## Exercise description
For the entries below, the result should be an exact transcription of the lines from the one with "dimension line sits" up to and including the one with "dim.commit()", and only those.
====== Input data
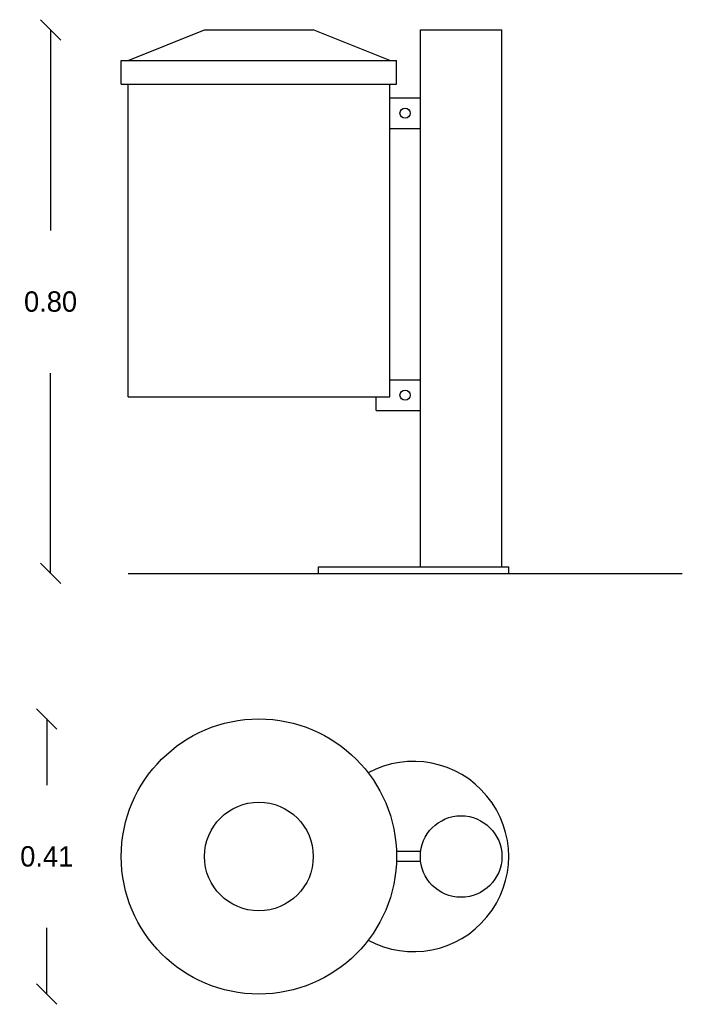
# Model space of a CAD drawing. Extents: x 7.88 to 8.85, y 2.76 to 4.21.
import ezdxf

# ---------------------------------------------------------------- set-up
doc = ezdxf.new("R2010")
doc.units = 0
doc.header["$MEASUREMENT"] = 0
doc.layers.get('0').update_dxf_attribs({"linetype": 'CONTINUOUS'})
doc.layers.get('DEFPOINTS').update_dxf_attribs({"linetype": 'CONTINUOUS'})
doc.dimstyles.get("Standard").update_dxf_attribs({"dimtxt": 0.18, "dimasz": 0.18, "dimexe": 0.18, "dimexo": 0.0625, "dimgap": 0.09, "dimtad": 0, "dimtih": 1, "dimtoh": 1, "dimdec": 4, "dimzin": 0, "dimdsep": 46, "dimtxsty": 'Standard', "dimcen": 0.09, "dimadec": 0, "dimazin": 0, "dimtfac": 1, "dimtdec": 4, "dimtofl": 0, "dimtmove": 0, "dimatfit": 3, "dimfxl": 0, "dimtolj": 1, "dimtzin": 0, "dimarcsym": 0})

# ---------------------------------------------------------------- blocks, each defined once
blk = doc.blocks.new('_OBLIQUE')
at = {"color": 0, "linetype": 'ByBlock'}
blk.add_line((-0.5, -0.5), (0.5, 0.5), dxfattribs=at)
blk = doc.blocks.new('*D2')
at = {"color": 0, "linetype": 'ByBlock', "ltscale": 0.08}
for p, q in [((7.9174, 3.1833), (7.9174, 3.0858)), ((7.9174, 2.7783), (7.9174, 2.8758))]:
    blk.add_line(p, q, dxfattribs=at)
at = {"layer": 'DEFPOINTS', "color": 0, "linetype": 'ByBlock', "ltscale": 0.08}
for p in [(8.2295, 3.1833), (7.9174, 2.7783), (8.2295, 2.7783)]:
    blk.add_point(p, dxfattribs=at)
at = {"color": 0, "linetype": 'ByBlock', "ltscale": 0.08, "xscale": 0.03, "yscale": 0.03, "zscale": 0.03}
for p, rotation in [((7.9174, 3.1833), 90), ((7.9174, 2.7783), 270)]:
    blk.add_blockref('_OBLIQUE', p, dxfattribs=dict(at, rotation=rotation))
at = {"color": 0, "linetype": 'ByBlock', "ltscale": 0.08, "insert": (7.9174, 2.9808), "char_height": 0.03, "attachment_point": 5}
blk.add_mtext('\\A1;0.41', dxfattribs=at)
blk = doc.blocks.new('*D1')
at = {"color": 0, "linetype": 'ByBlock', "ltscale": 0.08}
for p, q in [((7.923, 4.1974), (7.923, 3.9024)), ((7.923, 3.3974), (7.923, 3.6924))]:
    blk.add_line(p, q, dxfattribs=at)
at = {"layer": 'DEFPOINTS', "color": 0, "linetype": 'ByBlock', "ltscale": 0.08}
for p in [(8.3095, 4.1974), (7.923, 3.3974), (8.3095, 3.3974)]:
    blk.add_point(p, dxfattribs=at)
at = {"color": 0, "linetype": 'ByBlock', "ltscale": 0.08, "xscale": 0.03, "yscale": 0.03, "zscale": 0.03}
for p, rotation in [((7.923, 4.1974), 90), ((7.923, 3.3974), 270)]:
    blk.add_blockref('_OBLIQUE', p, dxfattribs=dict(at, rotation=rotation))
at = {"color": 0, "linetype": 'ByBlock', "ltscale": 0.08, "insert": (7.923, 3.7974), "char_height": 0.03, "attachment_point": 5}
blk.add_mtext('\\A1;0.80', dxfattribs=at)

msp = doc.modelspace()

# ---------------------------------------------------------------- linework, layer by layer
at = {"ltscale": 0.08}
for p, q in [((8.037, 4.1524), (8.1495, 4.1974)), ((8.1495, 4.1974), (8.3095, 4.1974)), ((8.422, 4.1524), (8.3095, 4.1974)), ((8.467, 3.4074), (8.467, 4.1974)), ((8.467, 4.1974), (8.587, 4.1974)), ((8.587, 3.4074), (8.587, 4.1974)), ((8.027, 4.1524), (8.432, 4.1524)), ((8.027, 4.1174), (8.027, 4.1524)), ((8.432, 4.1174), (8.432, 4.1524)), ((8.027, 4.1174), (8.432, 4.1174)), ((8.037, 3.6574), (8.037, 4.1174)), ((8.422, 3.6574), (8.422, 4.1174)), ((8.422, 4.0974), (8.467, 4.0974)), ((8.422, 4.0524), (8.467, 4.0524)), ((8.422, 3.6824), (8.422, 3.6824)), ((8.422, 3.6824), (8.467, 3.6824)), ((8.037, 3.6574), (8.422, 3.6574)), ((8.402, 3.6374), (8.402, 3.6574)), ((8.402, 3.6374), (8.467, 3.6374)), ((8.317, 3.4074), (8.597, 3.4074)), ((8.317, 3.3974), (8.317, 3.4074)), ((8.597, 3.3974), (8.597, 3.4074)), ((8.037, 3.3974), (8.597, 3.3974)), ((8.597, 3.3974), (8.8524, 3.3974)), ((8.4675, 2.9883), (8.4319, 2.9883)), ((8.4675, 2.9733), (8.4319, 2.9733))]:
    msp.add_line(p, q, dxfattribs=at)
for centre, radius in [((8.4445, 4.0749), 0.0075), ((8.4445, 3.6599), 0.0075), ((8.2295, 2.9808), 0.2025), ((8.2295, 2.9808), 0.08), ((8.527, 2.9808), 0.06)]:
    msp.add_circle(centre, radius, dxfattribs=at)
msp.add_arc((8.457, 2.9808), 0.14, 241.5461, 118.4539, dxfattribs=at)

# ---------------------------------------------------------------- dimensions: what is measured, and where the dimension line sits
for base, p1, p2, picture, middle in [((7.923, 3.3974), (8.3095, 4.1974), (8.3095, 3.3974), '*D1', (7.923, 3.7974)), ((7.9173816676, 2.7782723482), (8.2294984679, 3.1832723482), (8.2294984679, 2.7782723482), '*D2', (7.9173816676, 2.9807723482))]:
    dim = msp.add_linear_dim(base=base, p1=p1, p2=p2, angle=90, dimstyle='Standard', override={"dimtxt": 0.03, "dimasz": 0.03, "dimdec": 2, "dimblk1": 'OBLIQUE', "dimblk2": 'OBLIQUE', "dimsah": 1, "dimse1": 1, "dimse2": 1, "dimtix": 1}, dxfattribs=at)
    dim.commit()
    dim.dimension.update_dxf_attribs({"geometry": picture, "text_midpoint": middle})

doc.saveas('drawing.dxf')
============
## Answer area
# ---------------------------------------------------------------- dimensions: what is measured, and where the dimension line sits
for base, p1, p2, picture, middle in [((7.923, 3.3974), (8.3095, 4.1974), (8.3095, 3.3974), '*D1', (7.923, 3.7974)), ((7.9173816676, 2.7782723482), (8.2294984679, 3.1832723482), (8.2294984679, 2.7782723482), '*D2', (7.9173816676, 2.9807723482))]:
    dim = msp.add_linear_dim(base=base, p1=p1, p2=p2, angle=90, dimstyle='Standard', override={"dimtxt": 0.03, "dimasz": 0.03, "dimdec": 2, "dimblk1": 'OBLIQUE', "dimblk2": 'OBLIQUE', "dimsah": 1, "dimse1": 1, "dimse2": 1, "dimtix": 1}, dxfattribs=at)
    dim.commit()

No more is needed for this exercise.